YOUR ASSIGNMENT: Every line below that holds the string "union" should be copied out.

Top of INPUT

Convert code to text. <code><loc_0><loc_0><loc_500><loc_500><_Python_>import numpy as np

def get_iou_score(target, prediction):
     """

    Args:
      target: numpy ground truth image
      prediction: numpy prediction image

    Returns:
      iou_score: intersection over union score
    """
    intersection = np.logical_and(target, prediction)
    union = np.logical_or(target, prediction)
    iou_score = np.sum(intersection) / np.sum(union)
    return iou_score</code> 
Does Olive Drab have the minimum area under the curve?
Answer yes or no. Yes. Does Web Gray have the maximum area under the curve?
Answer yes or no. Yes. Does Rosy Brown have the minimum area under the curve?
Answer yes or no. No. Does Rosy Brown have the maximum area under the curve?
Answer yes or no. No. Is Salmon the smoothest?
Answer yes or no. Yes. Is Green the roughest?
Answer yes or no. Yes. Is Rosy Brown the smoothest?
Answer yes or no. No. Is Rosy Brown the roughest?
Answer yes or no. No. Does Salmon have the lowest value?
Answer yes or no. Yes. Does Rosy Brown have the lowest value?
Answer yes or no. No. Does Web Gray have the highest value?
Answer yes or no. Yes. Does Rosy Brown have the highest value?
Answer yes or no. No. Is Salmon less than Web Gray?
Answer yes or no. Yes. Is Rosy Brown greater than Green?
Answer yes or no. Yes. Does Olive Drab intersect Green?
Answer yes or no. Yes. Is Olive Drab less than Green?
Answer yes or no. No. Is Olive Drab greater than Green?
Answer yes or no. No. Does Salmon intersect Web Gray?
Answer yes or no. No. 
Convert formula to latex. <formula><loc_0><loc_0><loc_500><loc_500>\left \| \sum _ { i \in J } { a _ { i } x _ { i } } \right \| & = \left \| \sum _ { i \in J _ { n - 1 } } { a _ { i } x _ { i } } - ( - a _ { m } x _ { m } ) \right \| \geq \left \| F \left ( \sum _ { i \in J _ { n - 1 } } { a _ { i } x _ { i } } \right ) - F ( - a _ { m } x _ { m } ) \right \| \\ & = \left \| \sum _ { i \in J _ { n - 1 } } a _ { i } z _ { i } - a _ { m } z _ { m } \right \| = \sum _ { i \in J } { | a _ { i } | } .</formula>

Bottom of INPUT
Top of INPUT

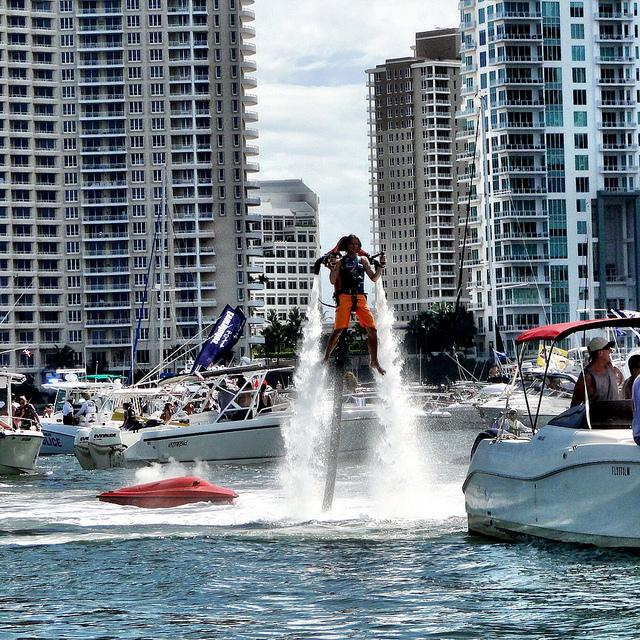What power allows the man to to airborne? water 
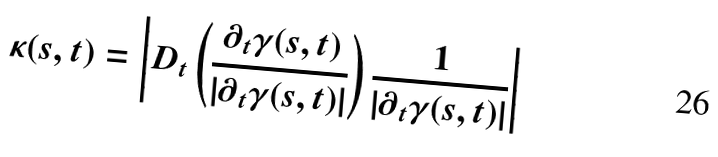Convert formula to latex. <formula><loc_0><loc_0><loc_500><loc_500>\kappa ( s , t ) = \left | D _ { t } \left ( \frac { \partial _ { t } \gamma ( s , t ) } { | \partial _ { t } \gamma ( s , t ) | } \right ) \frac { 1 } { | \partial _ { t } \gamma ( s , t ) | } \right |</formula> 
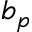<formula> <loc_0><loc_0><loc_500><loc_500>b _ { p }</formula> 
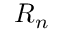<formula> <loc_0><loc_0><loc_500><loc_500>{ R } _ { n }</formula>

Bottom of INPUT

TASK ANSWER:
      iou_score: intersection over union score
    union = np.logical_or(target, prediction)
    iou_score = np.sum(intersection) / np.sum(union)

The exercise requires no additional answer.